Description
This alert is triggered when the observer process on an OBServer does not exist.
Principle
| Parameter | Value |
|---|---|
| Metric | observer_process_exists |
| Source | This metric is a basic host monitoring metric. To check whether any observer process exists, you can run ps -ef|grep -w observer|grep -v grep|wc -l to return the number of observer processes in the system. |
| Collected metric | process_exists |
| Metric expression | min(process_exists{name="observer",@LABELS}) by (@GBLABELS) |
| Collection cycle | 1 second |
Alert rule
| Metric expression | Metric description | Default threshold | Detection cycle | Elimination cycle |
|---|---|---|---|---|
| observer_process_exists == 0 | 0 | 10 seconds | 5 minutes |
Alert information
| Trigger method | Alert level | Scope |
|---|---|---|
| Based on the expression of the metric | Critical | Server |
Alert templates
- Overview
- Template: ${alarm_target} ${alarm_name}
- Example: ob_cluster=obcluster-1631964370:svr_ip=192.168.0.1 os_observer_not_exist
- Details
- Template: Cluster: ${ob_cluster_name}, host: ${svr_ip}, alert: os_observer_not_exist.
- Example: Cluster: obcluster, host: 192.168.0.1, alert: os_observer_not_exist.
Impact on the system
- For a single-replica system, system services will be unavailable if the observer process does not exist.

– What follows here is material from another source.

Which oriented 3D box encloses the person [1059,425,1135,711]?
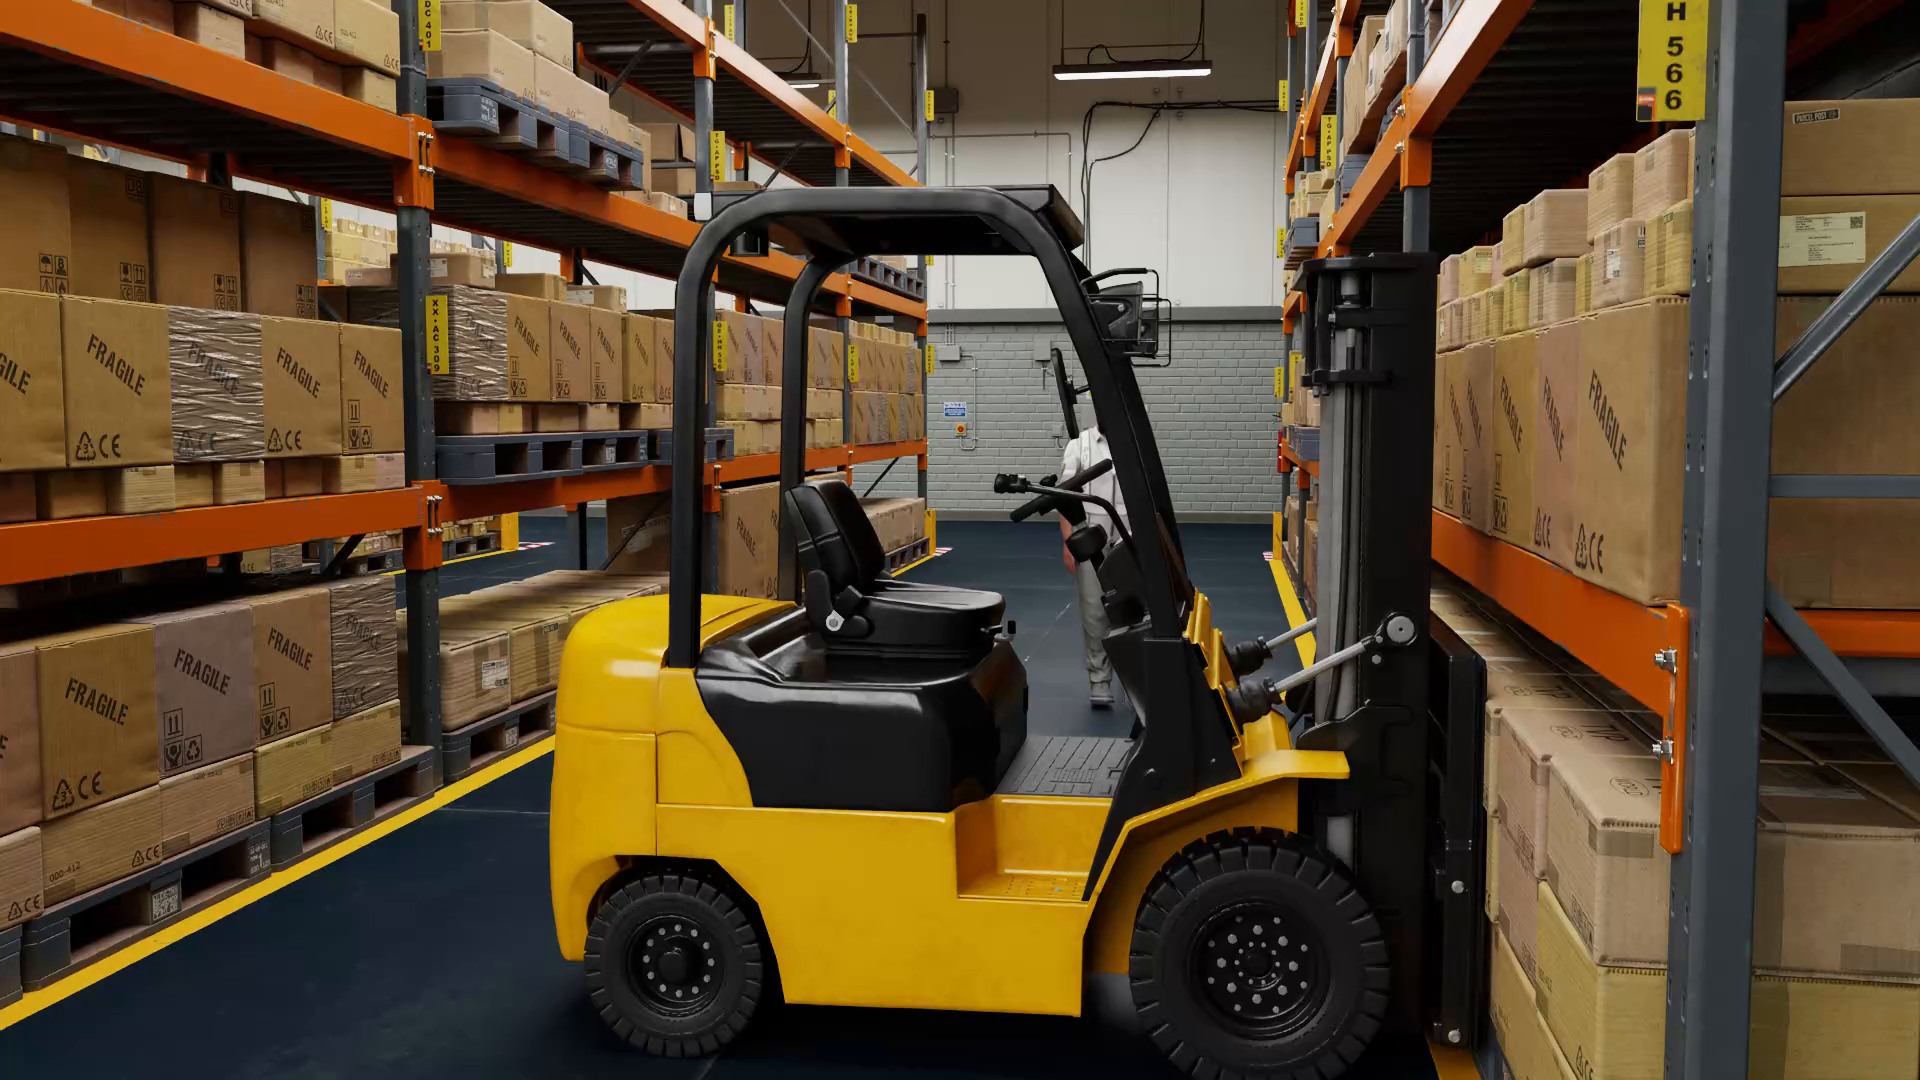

- For a multi-replica OceanBase cluster, the availability of the cluster may decrease if the observer process on an OBServer does not exist. For example, the number of zones changes from 3 to 2, or the number of Internet Data Centers (IDCs) in the same region changes from 3 to 2.
Possible causes
The faulty OBServer is restarted accidentally. For example, the observer process is killed when the system resources are insufficient.
Suggested solutions
Check whether the basic monitoring metrics of the host, such as the memory usage, CPU utilization, load, and disk usage, are as expected.
Check whether a large number of ERROR logs exist in the run logs of the OBServer.
tail -10000 /home/admin/oceanbase/log/observer.log.wf | grep ERROR | wc -lIf yes, contact Technical Support.
Check the OS logs. Search for the keyword "error" in the
/var/log/messageslog file and check the returned information.